Admissions Procedures and Requirements
Applicants for the Graduate Certificate in Deaf Studies must complete the application procedures and meet the requirements for graduate study at Gallaudet University.
Program Specific Requirements:
Summary of Requirements
Graduate Certificate students may take the following courses, adding up to 18 credits. They may take any courses totaling 18 credits from this list. All courses are three credits.
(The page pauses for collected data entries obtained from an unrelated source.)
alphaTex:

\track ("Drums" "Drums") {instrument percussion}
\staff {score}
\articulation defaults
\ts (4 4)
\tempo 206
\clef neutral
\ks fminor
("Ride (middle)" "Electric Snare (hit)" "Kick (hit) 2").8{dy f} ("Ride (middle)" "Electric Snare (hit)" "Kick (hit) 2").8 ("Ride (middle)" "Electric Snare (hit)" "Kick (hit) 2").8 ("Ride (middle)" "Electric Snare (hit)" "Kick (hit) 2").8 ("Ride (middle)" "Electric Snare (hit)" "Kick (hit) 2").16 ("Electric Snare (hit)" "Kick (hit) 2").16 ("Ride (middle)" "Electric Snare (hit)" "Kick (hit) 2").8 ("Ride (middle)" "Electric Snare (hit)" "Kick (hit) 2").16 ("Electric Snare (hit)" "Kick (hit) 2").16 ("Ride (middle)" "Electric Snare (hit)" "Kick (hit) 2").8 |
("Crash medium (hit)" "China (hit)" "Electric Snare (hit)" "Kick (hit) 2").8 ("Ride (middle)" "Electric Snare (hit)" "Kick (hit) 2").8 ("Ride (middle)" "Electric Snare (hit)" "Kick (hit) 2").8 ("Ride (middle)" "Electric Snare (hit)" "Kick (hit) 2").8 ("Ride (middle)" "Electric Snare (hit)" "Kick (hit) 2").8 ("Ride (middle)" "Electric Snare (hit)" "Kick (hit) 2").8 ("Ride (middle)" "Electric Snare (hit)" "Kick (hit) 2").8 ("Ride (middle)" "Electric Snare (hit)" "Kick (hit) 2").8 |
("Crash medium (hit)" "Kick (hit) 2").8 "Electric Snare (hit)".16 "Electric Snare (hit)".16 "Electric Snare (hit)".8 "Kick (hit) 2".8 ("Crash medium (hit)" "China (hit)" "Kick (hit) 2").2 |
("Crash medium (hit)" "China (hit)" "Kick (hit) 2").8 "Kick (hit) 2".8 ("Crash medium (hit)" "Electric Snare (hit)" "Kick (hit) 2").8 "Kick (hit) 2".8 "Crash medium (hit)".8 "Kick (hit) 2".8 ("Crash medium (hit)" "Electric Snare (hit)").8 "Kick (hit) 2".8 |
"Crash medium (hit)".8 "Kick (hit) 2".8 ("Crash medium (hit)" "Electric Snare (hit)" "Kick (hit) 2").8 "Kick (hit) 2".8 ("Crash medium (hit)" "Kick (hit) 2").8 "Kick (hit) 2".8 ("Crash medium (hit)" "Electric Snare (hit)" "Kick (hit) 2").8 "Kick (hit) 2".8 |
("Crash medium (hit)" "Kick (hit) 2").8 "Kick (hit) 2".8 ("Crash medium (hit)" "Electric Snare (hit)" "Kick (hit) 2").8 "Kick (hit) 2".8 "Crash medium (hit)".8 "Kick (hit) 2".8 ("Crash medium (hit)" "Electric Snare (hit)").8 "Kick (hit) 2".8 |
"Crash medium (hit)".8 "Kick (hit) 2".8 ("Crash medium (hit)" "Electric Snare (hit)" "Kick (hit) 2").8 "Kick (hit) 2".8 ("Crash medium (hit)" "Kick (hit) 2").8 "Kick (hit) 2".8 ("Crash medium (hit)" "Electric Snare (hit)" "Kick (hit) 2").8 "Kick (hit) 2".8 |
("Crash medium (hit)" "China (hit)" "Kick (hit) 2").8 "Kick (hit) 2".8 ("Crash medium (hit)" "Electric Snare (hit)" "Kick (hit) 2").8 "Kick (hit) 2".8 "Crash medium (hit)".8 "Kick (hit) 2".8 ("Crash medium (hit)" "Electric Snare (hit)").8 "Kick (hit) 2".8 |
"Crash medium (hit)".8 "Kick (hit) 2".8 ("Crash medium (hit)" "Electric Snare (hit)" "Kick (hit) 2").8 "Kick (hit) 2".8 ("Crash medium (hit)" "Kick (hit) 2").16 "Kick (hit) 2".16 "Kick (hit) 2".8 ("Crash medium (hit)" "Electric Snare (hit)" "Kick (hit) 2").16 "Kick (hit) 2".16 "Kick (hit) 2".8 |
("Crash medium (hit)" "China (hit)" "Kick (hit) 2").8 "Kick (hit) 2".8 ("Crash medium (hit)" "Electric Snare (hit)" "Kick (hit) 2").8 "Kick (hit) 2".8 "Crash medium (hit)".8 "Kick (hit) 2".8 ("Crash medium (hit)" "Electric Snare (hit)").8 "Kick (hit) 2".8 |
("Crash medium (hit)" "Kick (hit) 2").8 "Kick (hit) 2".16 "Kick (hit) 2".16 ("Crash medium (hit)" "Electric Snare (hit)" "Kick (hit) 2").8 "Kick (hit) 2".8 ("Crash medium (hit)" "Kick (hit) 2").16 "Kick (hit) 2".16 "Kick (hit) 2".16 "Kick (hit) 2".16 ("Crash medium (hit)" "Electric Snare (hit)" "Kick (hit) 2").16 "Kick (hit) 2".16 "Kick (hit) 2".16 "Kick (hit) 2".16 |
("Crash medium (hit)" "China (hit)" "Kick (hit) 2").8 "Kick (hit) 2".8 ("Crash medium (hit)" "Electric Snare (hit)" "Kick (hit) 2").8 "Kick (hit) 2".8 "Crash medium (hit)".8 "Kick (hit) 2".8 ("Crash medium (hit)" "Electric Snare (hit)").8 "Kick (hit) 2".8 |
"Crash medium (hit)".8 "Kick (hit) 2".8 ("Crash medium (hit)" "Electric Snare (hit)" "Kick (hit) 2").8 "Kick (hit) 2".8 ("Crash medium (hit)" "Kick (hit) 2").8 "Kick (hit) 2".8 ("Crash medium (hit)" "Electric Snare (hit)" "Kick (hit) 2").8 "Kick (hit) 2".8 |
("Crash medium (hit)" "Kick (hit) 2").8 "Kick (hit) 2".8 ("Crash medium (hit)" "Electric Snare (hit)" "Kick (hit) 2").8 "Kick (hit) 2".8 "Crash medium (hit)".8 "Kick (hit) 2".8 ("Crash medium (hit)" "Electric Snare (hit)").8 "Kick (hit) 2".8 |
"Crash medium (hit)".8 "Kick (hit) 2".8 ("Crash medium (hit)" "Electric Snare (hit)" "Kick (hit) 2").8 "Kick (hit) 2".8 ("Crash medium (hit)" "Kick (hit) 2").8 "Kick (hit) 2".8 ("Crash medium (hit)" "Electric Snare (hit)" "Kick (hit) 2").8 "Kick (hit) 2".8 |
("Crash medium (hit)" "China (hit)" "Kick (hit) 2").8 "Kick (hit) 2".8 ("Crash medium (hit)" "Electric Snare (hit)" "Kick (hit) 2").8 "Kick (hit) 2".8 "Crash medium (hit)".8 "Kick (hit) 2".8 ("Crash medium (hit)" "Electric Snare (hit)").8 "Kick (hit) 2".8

(Note: a student must take all 18 credits from the Certificate Program, and cannot use these credits toward another degree.)
Courses
The course serves as an introduction to graduate study in Deaf Studies. Students are guided in reflecting on the past, present, and future of Deaf Studies scholarship. Exploring the historical trends and debates in Deaf Studies, we seek out foundational questions about deaf lives and communities, including identities, power, culture, and framing from interdisciplinary perspectives. Leading with stories and lived experiences, students connect theory with practice in preparation for subsequent courses within the Deaf Studies Master's Program. The course also aims to develop critical reading and writing skills important to graduate level scholarship.
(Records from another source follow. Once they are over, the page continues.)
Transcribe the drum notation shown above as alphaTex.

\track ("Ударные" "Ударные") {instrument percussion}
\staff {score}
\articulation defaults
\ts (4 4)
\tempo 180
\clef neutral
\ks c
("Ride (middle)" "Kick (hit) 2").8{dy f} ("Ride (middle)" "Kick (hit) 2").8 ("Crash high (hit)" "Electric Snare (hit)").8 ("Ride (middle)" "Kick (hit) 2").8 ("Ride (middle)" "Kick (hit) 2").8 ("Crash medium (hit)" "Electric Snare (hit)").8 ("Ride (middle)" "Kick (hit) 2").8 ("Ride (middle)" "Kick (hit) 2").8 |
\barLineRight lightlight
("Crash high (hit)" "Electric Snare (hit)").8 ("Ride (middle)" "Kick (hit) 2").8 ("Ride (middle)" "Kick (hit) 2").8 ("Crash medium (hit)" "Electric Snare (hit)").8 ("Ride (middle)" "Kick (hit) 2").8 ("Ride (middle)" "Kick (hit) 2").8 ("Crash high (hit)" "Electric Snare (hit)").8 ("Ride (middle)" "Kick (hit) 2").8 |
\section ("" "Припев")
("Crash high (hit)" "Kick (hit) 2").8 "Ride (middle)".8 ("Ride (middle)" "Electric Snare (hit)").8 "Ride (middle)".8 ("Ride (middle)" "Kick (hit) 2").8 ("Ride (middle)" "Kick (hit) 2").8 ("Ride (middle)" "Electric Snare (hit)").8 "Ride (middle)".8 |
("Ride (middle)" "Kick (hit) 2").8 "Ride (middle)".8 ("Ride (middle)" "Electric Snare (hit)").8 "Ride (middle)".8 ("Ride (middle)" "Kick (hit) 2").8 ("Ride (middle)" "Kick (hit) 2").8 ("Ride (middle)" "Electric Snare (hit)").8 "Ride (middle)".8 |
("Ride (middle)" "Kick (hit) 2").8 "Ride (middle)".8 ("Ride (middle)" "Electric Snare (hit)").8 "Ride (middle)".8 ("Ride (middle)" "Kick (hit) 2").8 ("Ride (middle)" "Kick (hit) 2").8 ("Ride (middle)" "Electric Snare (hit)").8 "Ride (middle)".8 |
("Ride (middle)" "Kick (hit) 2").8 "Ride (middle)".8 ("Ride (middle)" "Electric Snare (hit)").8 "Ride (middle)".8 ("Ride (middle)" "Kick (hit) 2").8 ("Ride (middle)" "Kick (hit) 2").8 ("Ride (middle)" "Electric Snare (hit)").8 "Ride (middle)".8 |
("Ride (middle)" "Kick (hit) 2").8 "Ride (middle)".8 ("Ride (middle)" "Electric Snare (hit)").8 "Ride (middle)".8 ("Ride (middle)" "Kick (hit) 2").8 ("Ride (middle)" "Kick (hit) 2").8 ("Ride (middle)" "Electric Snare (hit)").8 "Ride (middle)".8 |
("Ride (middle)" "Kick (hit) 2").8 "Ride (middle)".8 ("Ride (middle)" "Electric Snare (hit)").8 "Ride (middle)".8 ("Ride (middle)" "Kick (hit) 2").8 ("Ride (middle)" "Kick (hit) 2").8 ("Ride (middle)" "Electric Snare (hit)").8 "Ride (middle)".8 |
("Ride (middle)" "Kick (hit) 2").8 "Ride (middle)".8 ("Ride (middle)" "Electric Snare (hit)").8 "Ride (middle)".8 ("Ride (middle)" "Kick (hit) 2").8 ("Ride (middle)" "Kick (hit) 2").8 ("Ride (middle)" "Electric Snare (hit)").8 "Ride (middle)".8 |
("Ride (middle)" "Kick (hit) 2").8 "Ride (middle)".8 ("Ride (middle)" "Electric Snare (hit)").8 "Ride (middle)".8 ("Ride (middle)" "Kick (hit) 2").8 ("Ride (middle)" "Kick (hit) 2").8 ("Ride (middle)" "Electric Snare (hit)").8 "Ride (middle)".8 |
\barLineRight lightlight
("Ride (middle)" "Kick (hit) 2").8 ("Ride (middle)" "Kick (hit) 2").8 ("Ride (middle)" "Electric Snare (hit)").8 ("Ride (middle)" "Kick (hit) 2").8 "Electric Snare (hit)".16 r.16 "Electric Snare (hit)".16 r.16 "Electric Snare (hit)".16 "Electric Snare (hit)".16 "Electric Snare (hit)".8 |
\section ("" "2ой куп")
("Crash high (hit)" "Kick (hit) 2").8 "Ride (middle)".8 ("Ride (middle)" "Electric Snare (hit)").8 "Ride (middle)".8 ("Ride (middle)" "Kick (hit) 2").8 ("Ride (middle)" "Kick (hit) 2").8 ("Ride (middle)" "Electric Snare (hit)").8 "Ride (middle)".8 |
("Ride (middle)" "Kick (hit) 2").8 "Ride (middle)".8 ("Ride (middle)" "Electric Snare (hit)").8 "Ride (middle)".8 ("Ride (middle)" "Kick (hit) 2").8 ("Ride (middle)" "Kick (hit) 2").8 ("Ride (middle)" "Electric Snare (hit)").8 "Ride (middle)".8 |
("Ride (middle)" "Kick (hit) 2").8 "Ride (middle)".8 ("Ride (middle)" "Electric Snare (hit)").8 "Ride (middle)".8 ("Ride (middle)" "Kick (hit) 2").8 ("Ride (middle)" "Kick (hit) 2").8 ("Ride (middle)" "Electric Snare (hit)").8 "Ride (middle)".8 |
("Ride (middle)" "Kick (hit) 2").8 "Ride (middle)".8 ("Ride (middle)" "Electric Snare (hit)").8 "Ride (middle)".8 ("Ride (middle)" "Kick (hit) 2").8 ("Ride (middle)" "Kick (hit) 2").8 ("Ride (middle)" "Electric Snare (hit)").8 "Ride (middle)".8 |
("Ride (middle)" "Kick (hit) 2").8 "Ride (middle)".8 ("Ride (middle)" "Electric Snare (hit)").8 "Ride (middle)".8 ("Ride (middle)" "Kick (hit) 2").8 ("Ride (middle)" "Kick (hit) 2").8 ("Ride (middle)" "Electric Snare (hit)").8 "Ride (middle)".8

Matriculated in DST MA Program
This course begins by exploring key issues faced by minority language communities, with special emphasis on the world's linguistic diversity, language endangerment, and revitalization. After gaining a broad understanding of the dynamic intersections of language, culture and power, students will examine the historical role of language ideologies relating to signed languages, beginning with classical thought and continuing through the formation of deaf education in the 18th century and the medicalization of deaf bodies in the 19th and 20th centuries. In the end, students should be able to identify and explain intersections of philosophical, linguistic, educational, medical, scientific, and anthropological discourses which influenced the vitality of sign languages and deaf communities in the 21st century. Developing awareness of this phonocentric heritage helps to equip students in developing strategies for linguistic and cultural revitalization of sign languages and deaf communities.
This course is designed as a thorough exploration of the literary practices influenced by cultural traditions in the deaf community. Attention will be given to the unique face-to-face nature of signed literature and its numerous traditional forms as well different types of cultural productions, including online media. Students will become versed in the stylistics, poetics, and cultural contexts of signed literature in its live as well as video-text formats.
This class will explore the historical, medical, social, political, philosophical, and cultural influences that have constructed the categories of ''normalcy'', ''disability'' and ''deafness''. Building on the writing of Michel Foucault and critical work in the field of disability studies, this course will inquire into the institutions that have enforced standards of normalcy, throughout the nineteenth and twentieth centuries to the present. Primary attention will be paid to the rise of medical authority in the West, the history of eugenics, and contemporary bioethical issues confronting disability and deaf communities.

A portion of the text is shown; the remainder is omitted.